Remarkably. four decades-plus since Earth, Wind & Fire began recording, three of the core members - Verdine White, Philip Bailey and Ralph Johnson - continue touring to sold out auditoriums worldwide, keeping the EW&F legacy very much alive.

In conjunction with the release of the aptly-titled NOW, THEN & FOREVER - their first brand new CD in a few years - and shows in the UK, David Nathan (who began interviewing EW&F back in 1975) catches up with an ever-busy Verdine White..,

David: I don’t really know what to say about speaking to this next gentleman. I think the first time I spoke to him was in 1975, but I wouldn’t absolutely swear on that, but I will say this: my introduction to Earth Wind & Fire was around that time and I remember listening to Earth Wind & Fire before I came to America and I was already hooked. Once I got to America and I saw Earth Wind & Fire at Madison Square Garden – it was the first big show I ever saw, and it is still right there in my memory banks and over decades. I’ve interviewed for Verdine, Maurice [White] and Philip [Bailey], I don’t know how many times. To say that they’re my favourite band would probably prejudice the interview a little bit, but it’s true. I am biased and I don’t have any regret about saying I’m biased before we begin the interview. By the way, I’m doing this interview because Earth Wind & Fire has a brand new album called NOW THEN AND FOREVER and that’s going to be the focus of this particular conversation. So, welcome to, Verdine White. Hello, Verdine.

Verdine: Hey, David. How are you? It’s so good to talk to you again. It’s like I’m talking to my wonderful friend, not an interviewer.

David: That’s very true. After many decades! But let’s get right to it. Tell us about how this album came about. What’s the idea behind it? But, first, how did this all emerge? I know it’s on Legacy, which is part of Sony Music, which of course was the label that through Columbia Records, you were with for many, many, many years. So, tell us a little bit of the back-story of how this all came about.

Verdine: Well, this was a two-year process and the album started at Philip’s home and we started going through songs and we had a good time working at his home and we spent a few days out there just going through material. Then, he went back and he started listening to a lot of the Earth Wind & Fire music from probably the beginning all the way up to [the album] FACES because the challenge that we had to face is that we had to figure out how to make a new Earth Wind & Fire album now in 2012-13-14. So, we ended up going back and looking at people like Neal Pogue from OutKast and things like that. So, it was great. It was great and then it came about, and Philip D. Bailey, Philip’s son. So, it was a good thing. So, it turned out that that’s what this product turned out to be: NOW THEN AND FOREVER.

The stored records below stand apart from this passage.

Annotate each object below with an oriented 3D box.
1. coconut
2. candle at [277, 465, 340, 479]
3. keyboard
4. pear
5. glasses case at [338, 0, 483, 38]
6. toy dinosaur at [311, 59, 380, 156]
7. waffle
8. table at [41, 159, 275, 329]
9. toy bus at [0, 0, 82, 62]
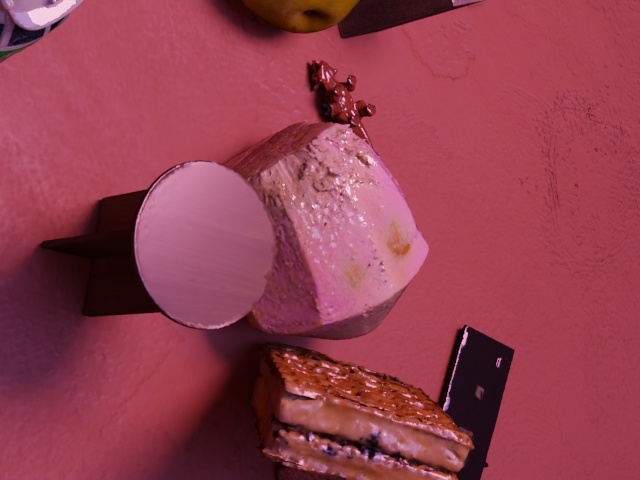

David: Now, at what point did it become clear what the concept of it was?

Verdine: After Philip listened, because this was the first album that we did without Maurice even in production.

David: Really?

Verdine: Yeah, ever in our career. So, there were a lot of challenges, and a lot of challenges on him. So we brought back Larry Dunn. Larry Dunn came on and helped us quite a bit. A great tie that really glued us together. So it turned out really, really good. So, that’s what this album’s about.

David: Was there a point at which you knew you had a whole album’s worth of material? At what point would that have been? At what song did you say, ‘okay, now we’ve got enough?’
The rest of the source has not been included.